══ Raw data
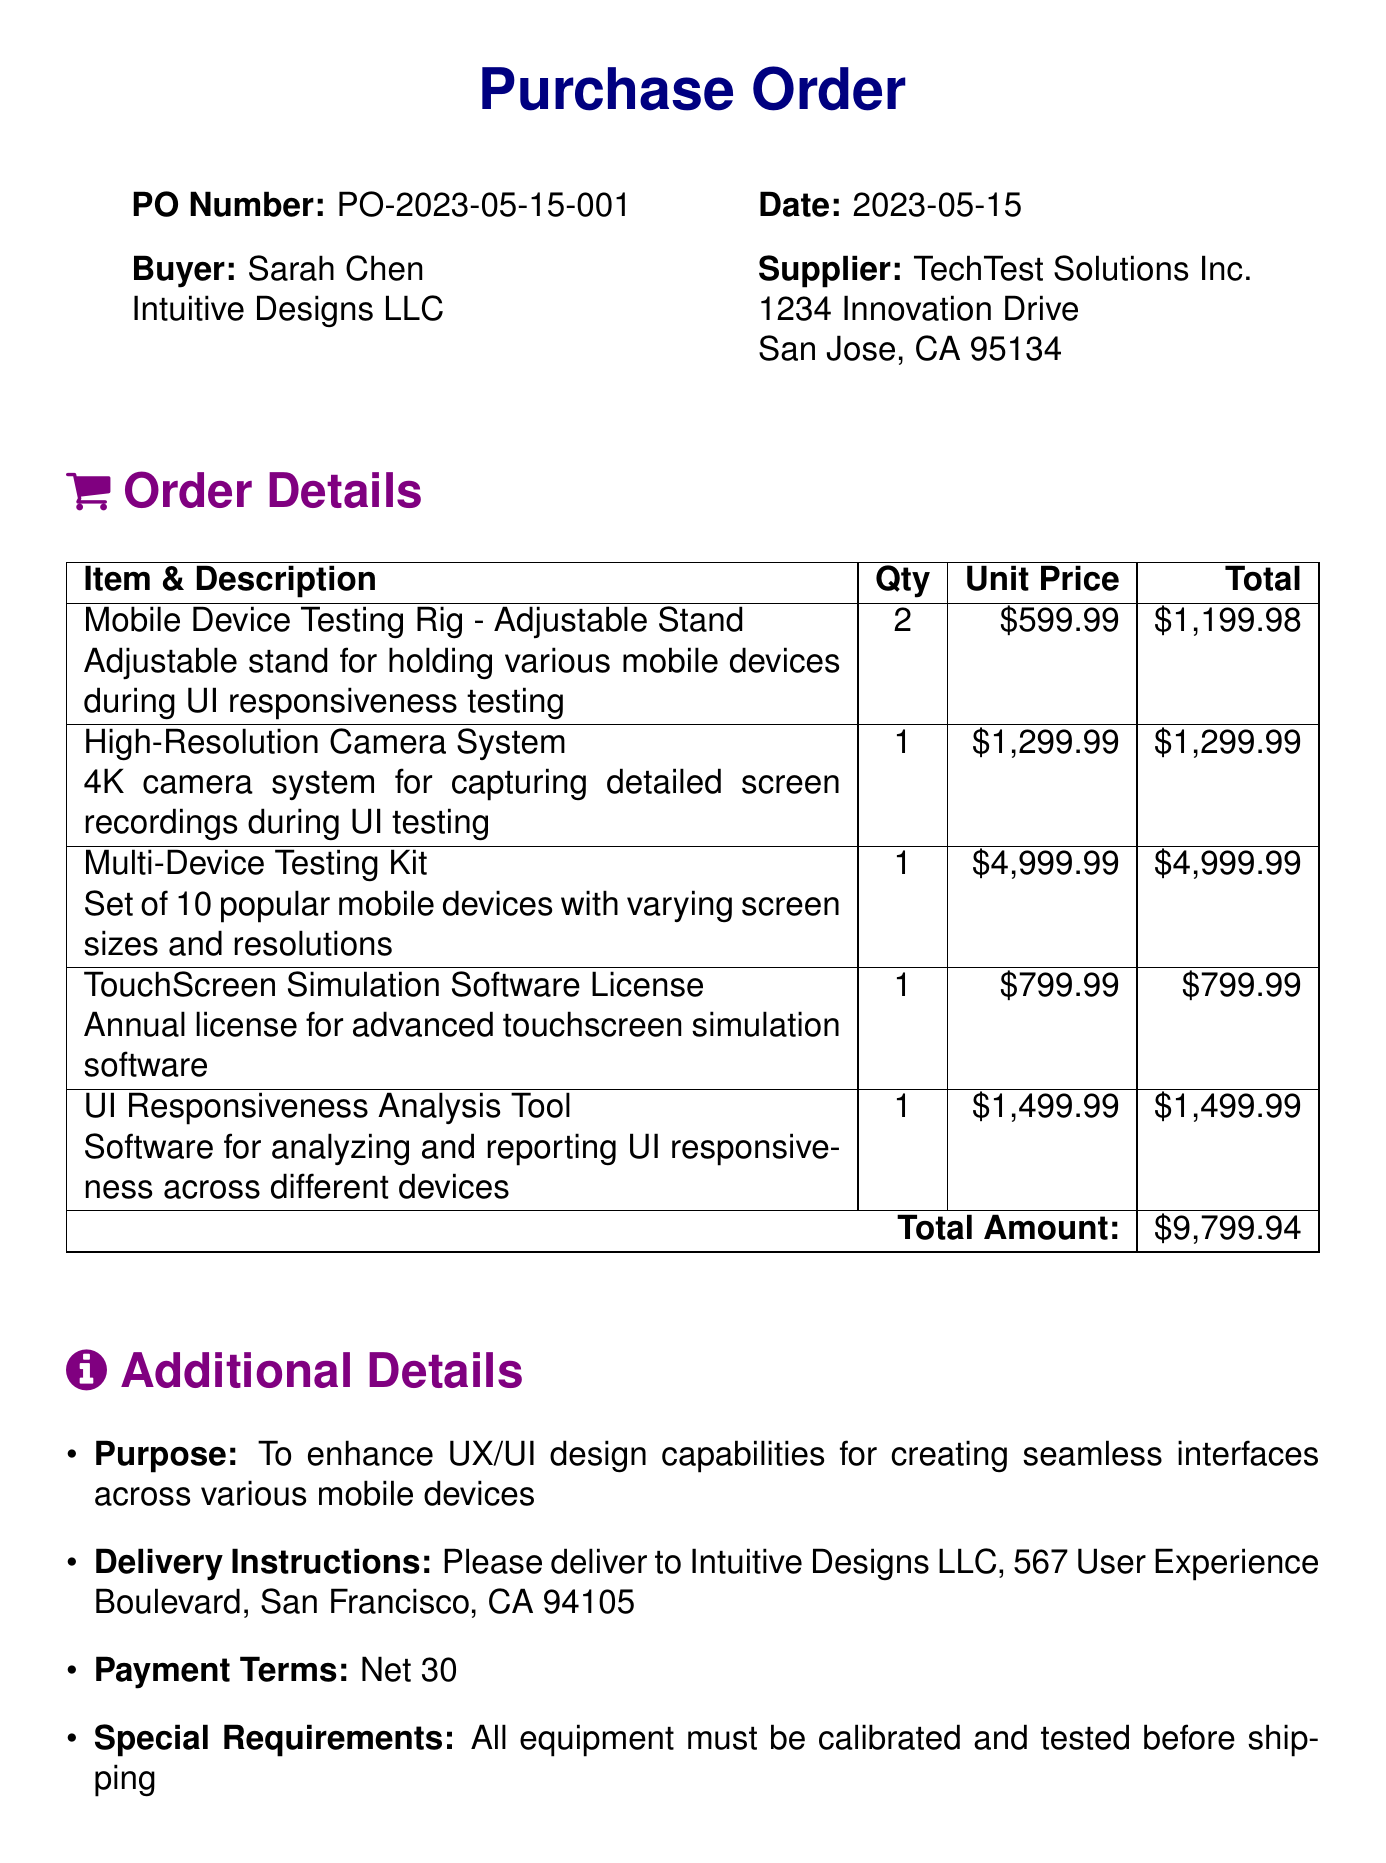What is the purchase order number? The purchase order number is mentioned in the header of the document.
Answer: PO-2023-05-15-001 Who is the buyer? The buyer's name and company are listed at the top of the document.
Answer: Sarah Chen, Intuitive Designs LLC What is the total amount? The total amount is stated at the end of the order details section.
Answer: $9799.94 How many units of the Mobile Device Testing Rig were ordered? The quantity for the Mobile Device Testing Rig is indicated in the order details.
Answer: 2 What is the purpose of the purchase order? The purpose is described in the additional details section.
Answer: To enhance UX/UI design capabilities for creating seamless interfaces across various mobile devices Who approved the purchase order? The approvals section contains the name of the person who approved the document.
Answer: Michael Rodriguez What are the payment terms? The payment terms are specified in the additional details of the document.
Answer: Net 30 What software license is included in the order? The name of the included software license is found in the order details related to item description.
Answer: TouchScreen Simulation Software License What is the delivery address? The delivery address is specified under additional details in the document.
Answer: 567 User Experience Boulevard, San Francisco, CA 94105 
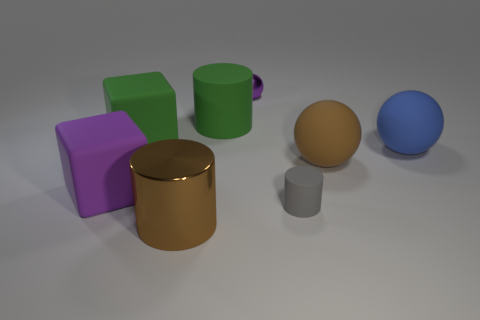There is a object that is the same color as the big rubber cylinder; what is its material?
Your answer should be compact. Rubber. There is another thing that is the same size as the gray object; what is it made of?
Offer a terse response. Metal. What number of things are either large rubber balls or big cyan rubber balls?
Offer a very short reply. 2. What number of metallic objects are on the left side of the tiny purple ball and behind the large brown cylinder?
Ensure brevity in your answer.  0. Are there fewer gray rubber cylinders that are to the left of the gray object than brown metallic balls?
Ensure brevity in your answer.  No. There is a gray object that is the same size as the metallic sphere; what shape is it?
Your response must be concise. Cylinder. What number of other things are there of the same color as the large matte cylinder?
Give a very brief answer. 1. Is the brown metallic cylinder the same size as the purple sphere?
Ensure brevity in your answer.  No. What number of objects are either large green cubes or things that are behind the metal cylinder?
Make the answer very short. 7. Are there fewer green things that are to the left of the big blue matte object than objects in front of the green cylinder?
Offer a very short reply. Yes. 
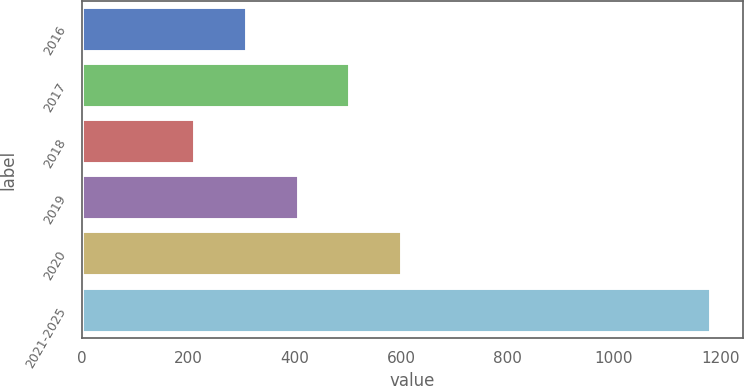Convert chart. <chart><loc_0><loc_0><loc_500><loc_500><bar_chart><fcel>2016<fcel>2017<fcel>2018<fcel>2019<fcel>2020<fcel>2021-2025<nl><fcel>310.9<fcel>504.7<fcel>214<fcel>407.8<fcel>601.6<fcel>1183<nl></chart> 
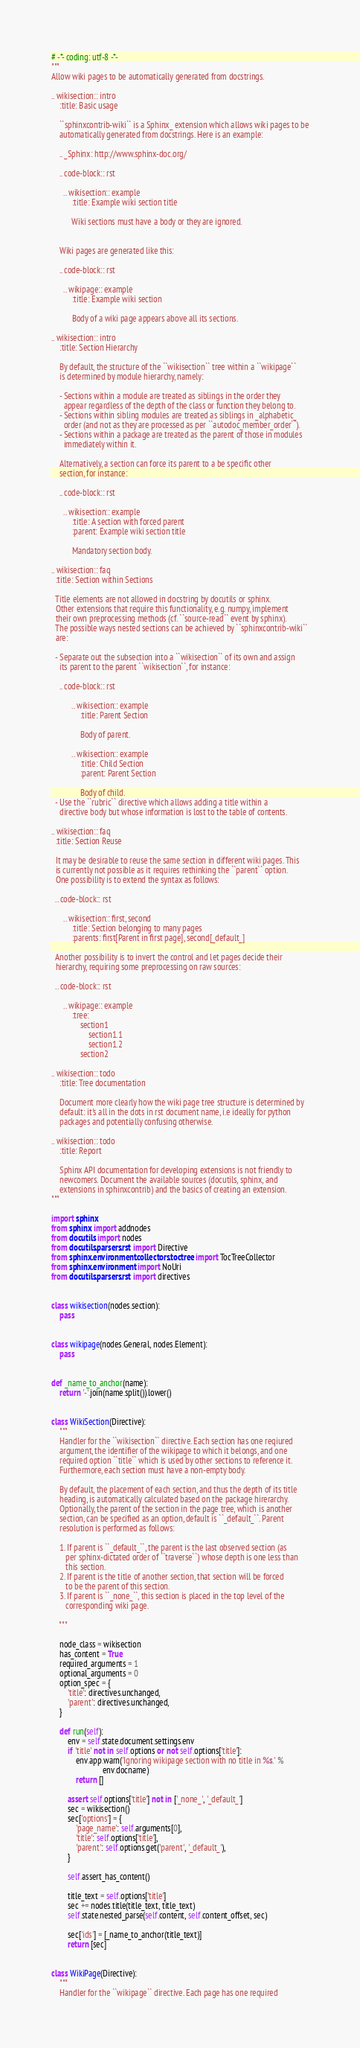<code> <loc_0><loc_0><loc_500><loc_500><_Python_># -*- coding: utf-8 -*-
"""
Allow wiki pages to be automatically generated from docstrings.

.. wikisection:: intro
    :title: Basic usage

    ``sphinxcontrib-wiki`` is a Sphinx_ extension which allows wiki pages to be
    automatically generated from docstrings. Here is an example:

    .. _Sphinx: http://www.sphinx-doc.org/

    .. code-block:: rst

      .. wikisection:: example
          :title: Example wiki section title

          Wiki sections must have a body or they are ignored.


    Wiki pages are generated like this:

    .. code-block:: rst

      .. wikipage:: example
          :title: Example wiki section

          Body of a wiki page appears above all its sections.

.. wikisection:: intro
    :title: Section Hierarchy

    By default, the structure of the ``wikisection`` tree within a ``wikipage``
    is determined by module hierarchy, namely:

    - Sections within a module are treated as siblings in the order they
      appear regardless of the depth of the class or function they belong to.
    - Sections within sibling modules are treated as siblings in _alphabetic_
      order (and not as they are processed as per ``autodoc_member_order``).
    - Sections within a package are treated as the parent of those in modules
      immediately within it.

    Alternatively, a section can force its parent to a be specific other
    section, for instance:

    .. code-block:: rst

      .. wikisection:: example
          :title: A section with forced parent
          :parent: Example wiki section title

          Mandatory section body.

.. wikisection:: faq
  :title: Section within Sections

  Title elements are not allowed in docstring by docutils or sphinx.
  Other extensions that require this functionality, e.g. numpy, implement
  their own preprocessing methods (cf. ``source-read`` event by sphinx).
  The possible ways nested sections can be achieved by ``sphinxcontrib-wiki``
  are:

  - Separate out the subsection into a ``wikisection`` of its own and assign
    its parent to the parent ``wikisection``, for instance:

    .. code-block:: rst

          .. wikisection:: example
              :title: Parent Section

              Body of parent.

          .. wikisection:: example
              :title: Child Section
              :parent: Parent Section

              Body of child.
  - Use the ``rubric`` directive which allows adding a title within a
    directive body but whose information is lost to the table of contents.

.. wikisection:: faq
  :title: Section Reuse

  It may be desirable to reuse the same section in different wiki pages. This
  is currently not possible as it requires rethinking the ``parent`` option.
  One possibility is to extend the syntax as follows:

  .. code-block:: rst

      .. wikisection:: first, second
          :title: Section belonging to many pages
          :parents: first[Parent in first page], second[_default_]

  Another possibility is to invert the control and let pages decide their
  hierarchy, requiring some preprocessing on raw sources:

  .. code-block:: rst

      .. wikipage:: example
          :tree:
              section1
                  section1.1
                  section1.2
              section2

.. wikisection:: todo
    :title: Tree documentation

    Document more clearly how the wiki page tree structure is determined by
    default: it's all in the dots in rst document name, i.e ideally for python
    packages and potentially confusing otherwise.

.. wikisection:: todo
    :title: Report

    Sphinx API documentation for developing extensions is not friendly to
    newcomers. Document the available sources (docutils, sphinx, and
    extensions in sphinxcontrib) and the basics of creating an extension.
"""

import sphinx
from sphinx import addnodes
from docutils import nodes
from docutils.parsers.rst import Directive
from sphinx.environment.collectors.toctree import TocTreeCollector
from sphinx.environment import NoUri
from docutils.parsers.rst import directives


class wikisection(nodes.section):
    pass


class wikipage(nodes.General, nodes.Element):
    pass


def _name_to_anchor(name):
    return '-'.join(name.split()).lower()


class WikiSection(Directive):
    """
    Handler for the ``wikisection`` directive. Each section has one reqiured
    argument, the identifier of the wikipage to which it belongs, and one
    required option ``title`` which is used by other sections to reference it.
    Furthermore, each section must have a non-empty body.

    By default, the placement of each section, and thus the depth of its title
    heading, is automatically calculated based on the package hirerarchy.
    Optionally, the parent of the section in the page tree, which is another
    section, can be specified as an option, default is ``_default_``. Parent
    resolution is performed as follows:

    1. If parent is ``_default_``, the parent is the last observed section (as
       per sphinx-dictated order of ``traverse``) whose depth is one less than
       this section.
    2. If parent is the title of another section, that section will be forced
       to be the parent of this section.
    3. If parent is ``_none_``, this section is placed in the top level of the
       corresponding wiki page.

    """

    node_class = wikisection
    has_content = True
    required_arguments = 1
    optional_arguments = 0
    option_spec = {
        'title': directives.unchanged,
        'parent': directives.unchanged,
    }

    def run(self):
        env = self.state.document.settings.env
        if 'title' not in self.options or not self.options['title']:
            env.app.warn('Ignoring wikipage section with no title in %s.' %
                         env.docname)
            return []

        assert self.options['title'] not in ['_none_', '_default_']
        sec = wikisection()
        sec['options'] = {
            'page_name': self.arguments[0],
            'title': self.options['title'],
            'parent': self.options.get('parent', '_default_'),
        }

        self.assert_has_content()

        title_text = self.options['title']
        sec += nodes.title(title_text, title_text)
        self.state.nested_parse(self.content, self.content_offset, sec)

        sec['ids'] = [_name_to_anchor(title_text)]
        return [sec]


class WikiPage(Directive):
    """
    Handler for the ``wikipage`` directive. Each page has one required</code>
════
-- Your assignment --
Will you return exactly the lines above from the one with "hierarchy, requiring some" down to the one with "default: it's all", counting both as part of the range?

-- Written solution --
  hierarchy, requiring some preprocessing on raw sources:

  .. code-block:: rst

      .. wikipage:: example
          :tree:
              section1
                  section1.1
                  section1.2
              section2

.. wikisection:: todo
    :title: Tree documentation

    Document more clearly how the wiki page tree structure is determined by
    default: it's all in the dots in rst document name, i.e ideally for python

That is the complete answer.